Specifically, who heard or saw a transcript of a Tokyo shortwave radio news broadcast that was interrupted by a prearranged coded weather report? The weather bulletin signaled Japanese diplomats around the world to destroy confidential documents and codes because war with the United States, the Soviet Union or Britain was beginning.

In testimony for government inquiries, witnesses said that the “winds execute” message was intercepted as early as Dec. 4, three days before the attack.

But after analyzing American and foreign intelligence sources and decrypted cables, historians for the National Security Agency concluded in a documentary history released last week that whatever other warnings reached Washington about the attack, the “winds execute” message was not one of them.

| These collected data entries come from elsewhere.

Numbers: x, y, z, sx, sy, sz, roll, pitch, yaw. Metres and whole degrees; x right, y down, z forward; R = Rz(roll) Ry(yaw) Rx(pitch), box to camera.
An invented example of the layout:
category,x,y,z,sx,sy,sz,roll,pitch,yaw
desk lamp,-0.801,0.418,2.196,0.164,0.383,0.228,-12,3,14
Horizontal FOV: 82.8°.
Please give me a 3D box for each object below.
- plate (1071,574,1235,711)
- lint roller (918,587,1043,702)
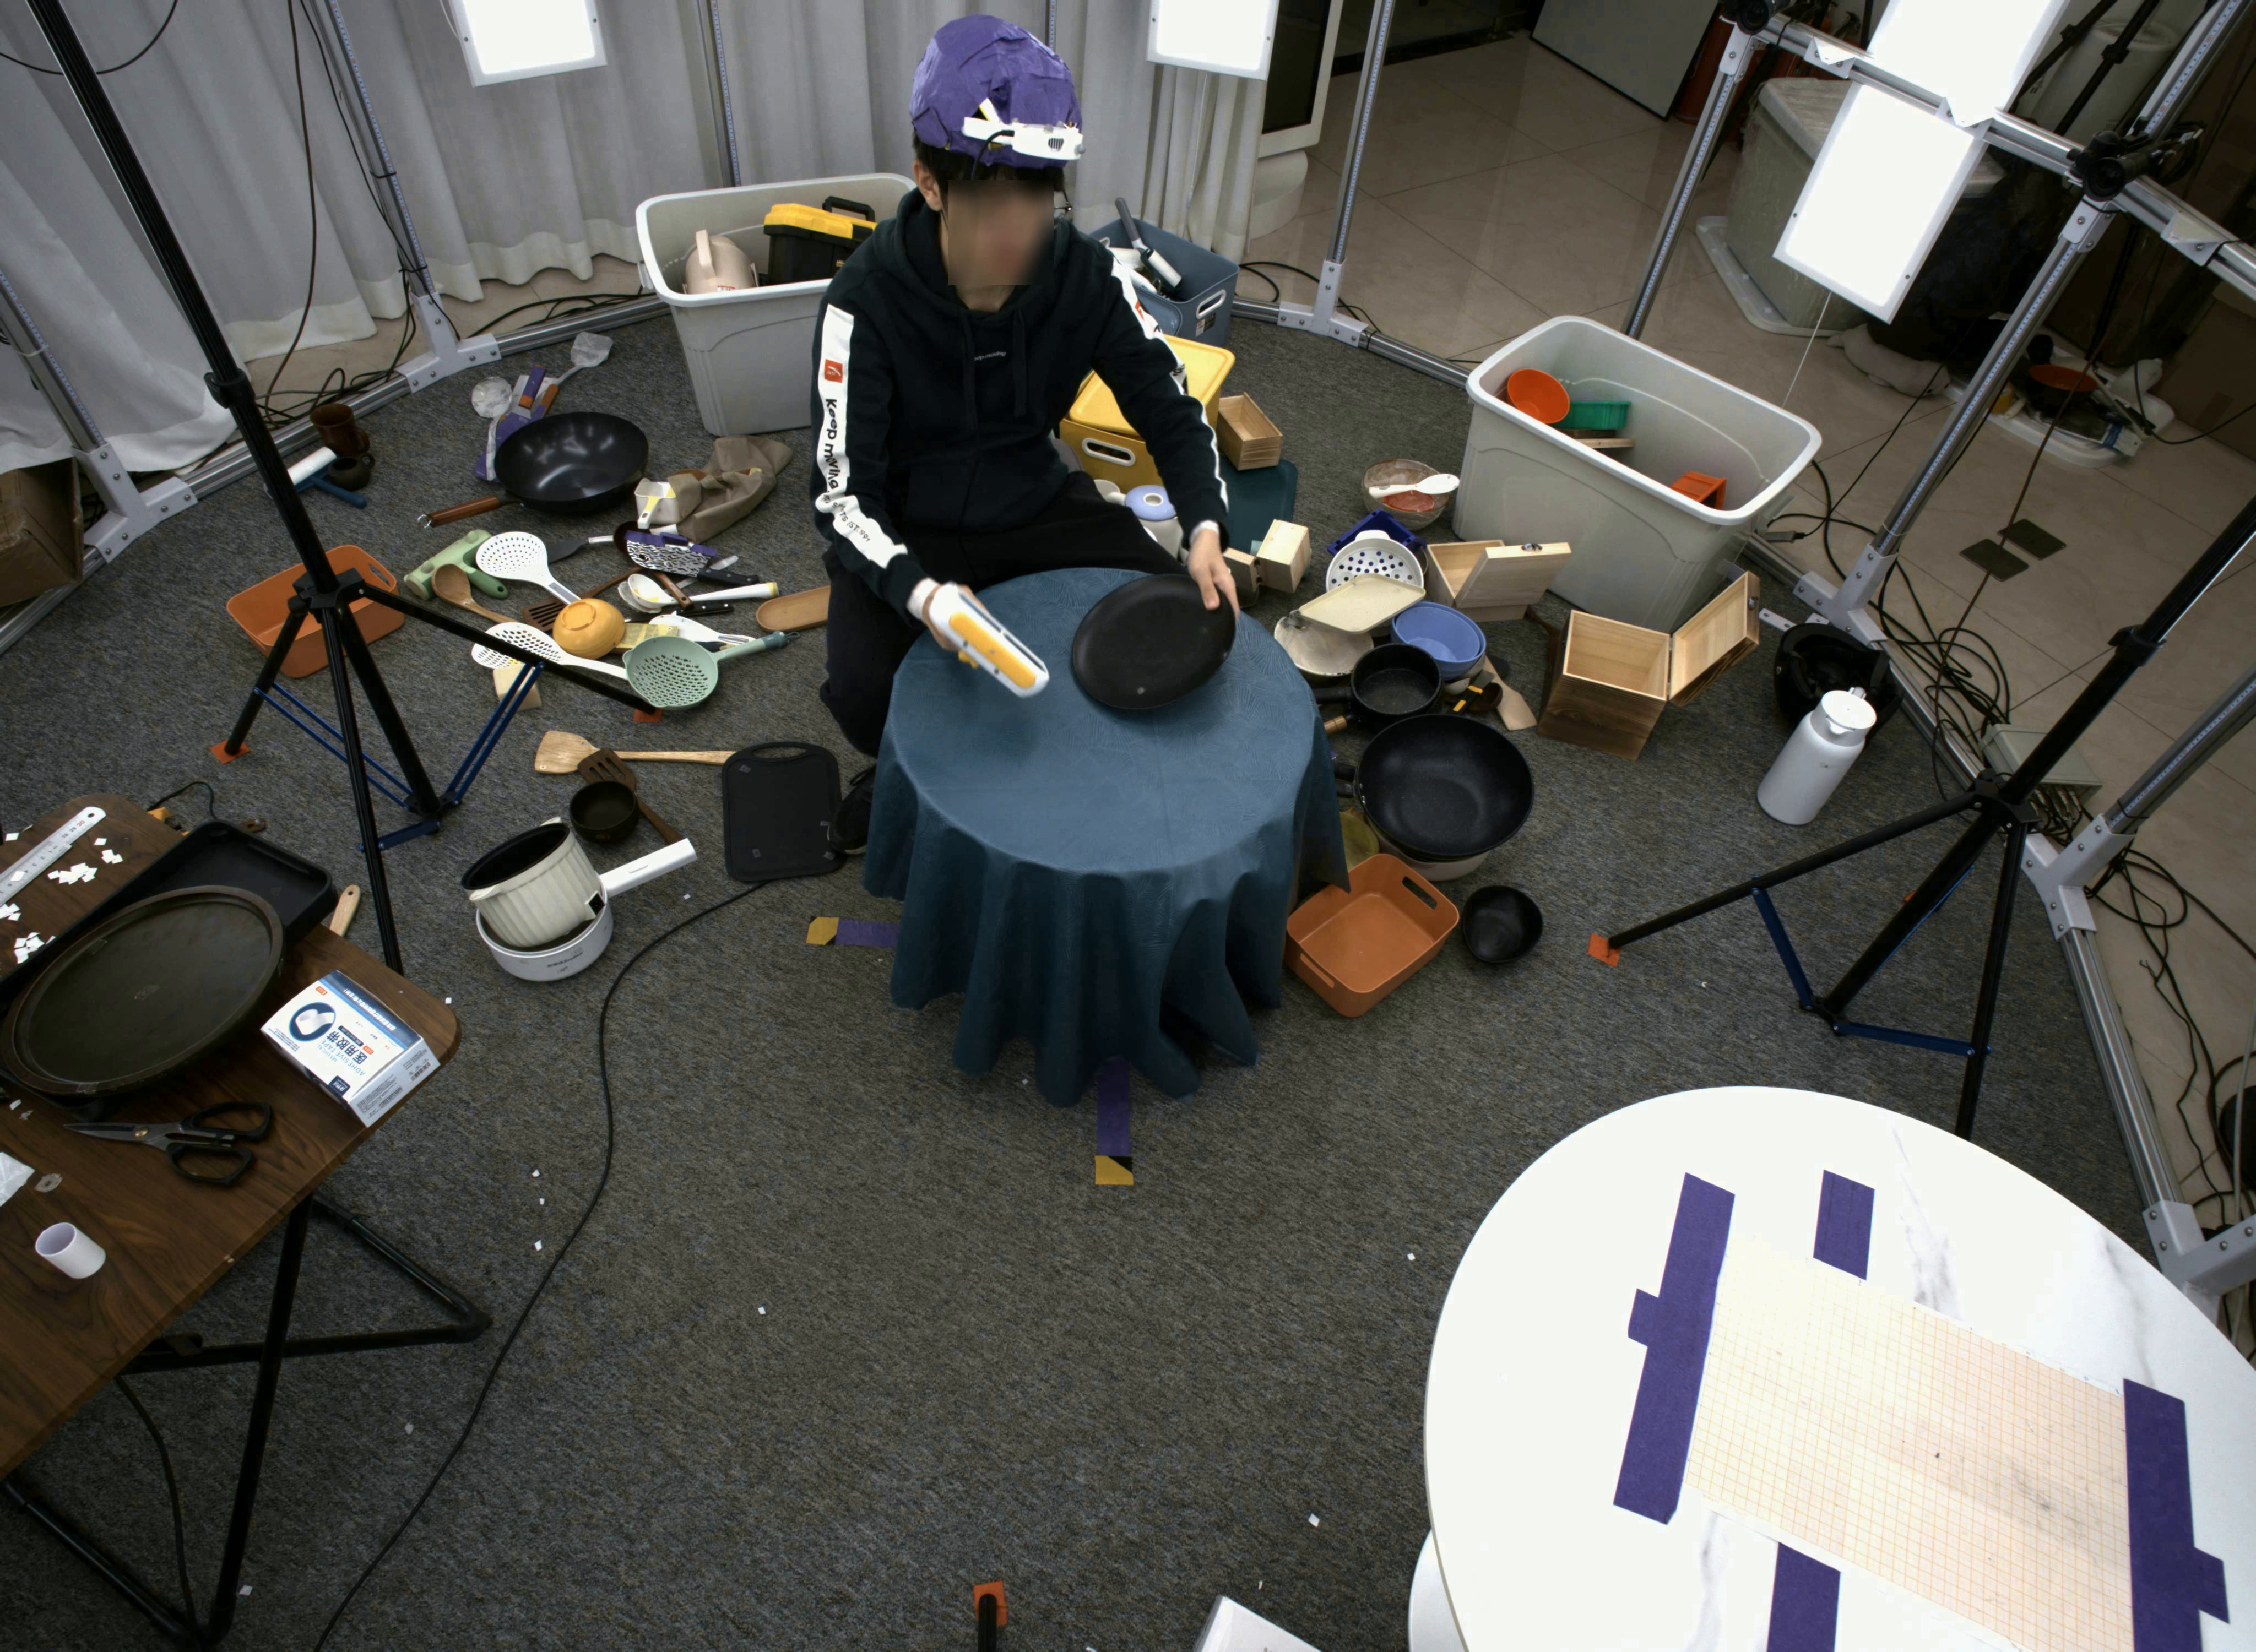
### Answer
category,x,y,z,sx,sy,sz,roll,pitch,yaw
plate,0.037,-0.261,1.843,0.244,0.023,0.250,-9,55,14
lint roller,-0.215,-0.247,1.758,0.074,0.190,0.195,-53,22,1
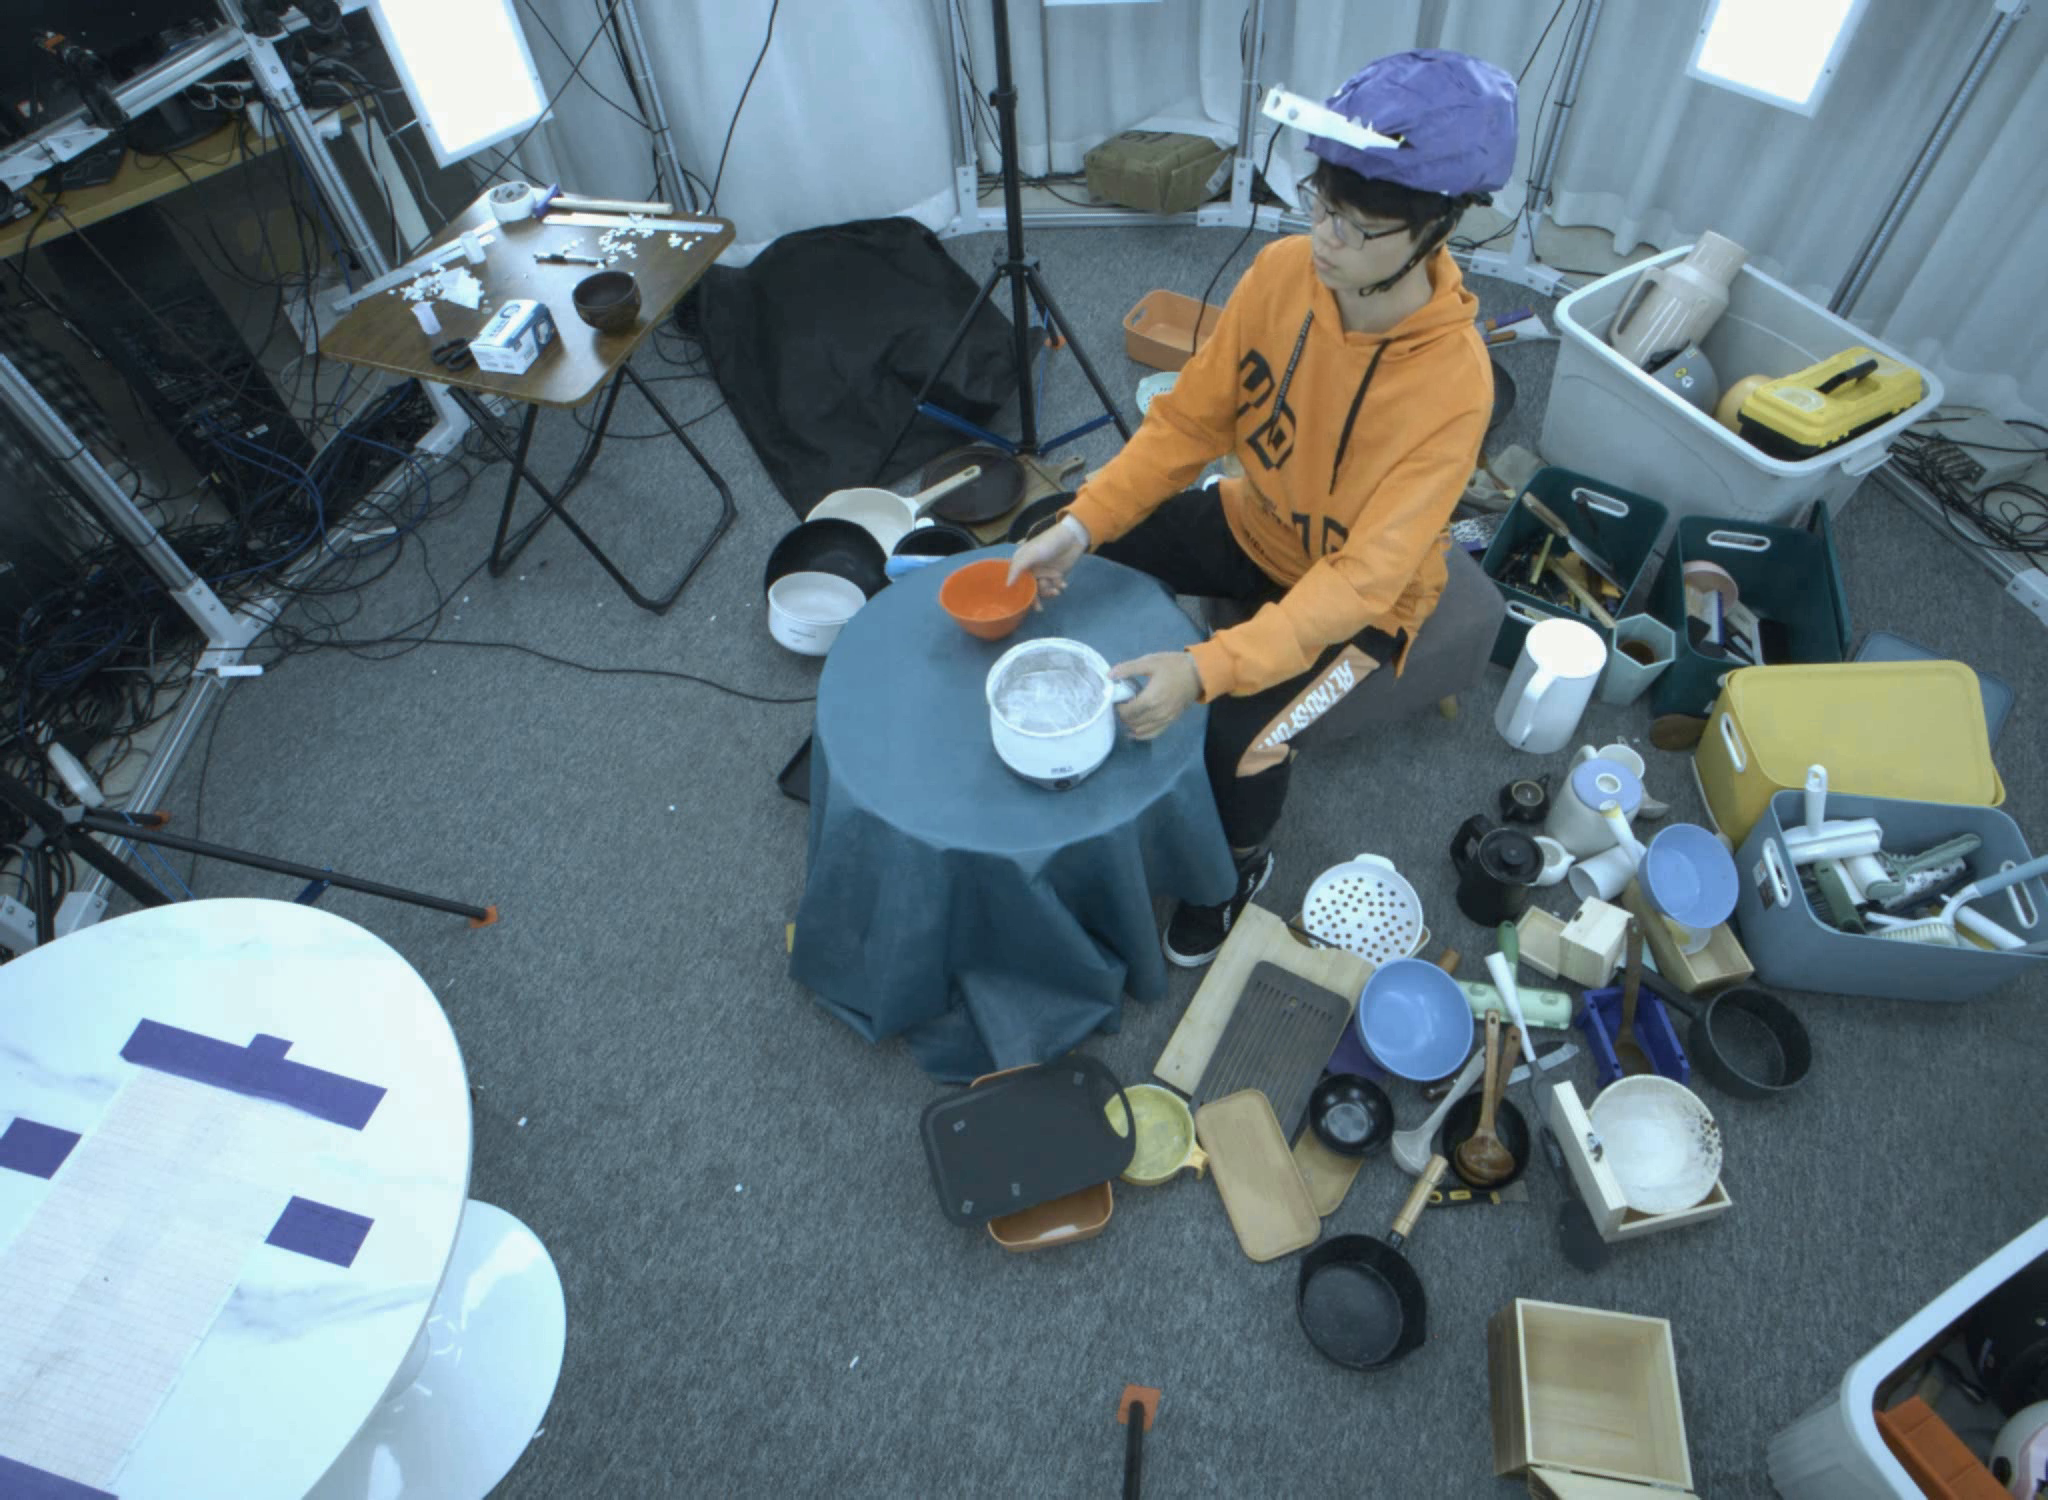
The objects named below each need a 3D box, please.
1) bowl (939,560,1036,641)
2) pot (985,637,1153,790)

A Japanese message intercepted and decoded on Nov. 19, 1941, at an American monitoring station on Bainbridge Island, in Washington State, appeared to lay out the “winds execute” situation. If diplomatic relations were “in danger” with one of three countries, a coded phrase would be repeated as a special weather bulletin twice in the middle and twice at the end of the daily Japanese-language news broadcast.

“East wind rain” would mean the United States; “north wind cloudy,” the Soviet Union; and “west wind clear,” Britain.

In the history, “West Wind Clear,” published by the agency’s Center for Cryptologic History, the authors, Robert J. Hanyok and the late David Mowry, attribute accounts of the message being broadcast to the flawed or fabricated memory of some witnesses, perhaps to deflect culpability from other officials for the United States’ insufficient readiness for war.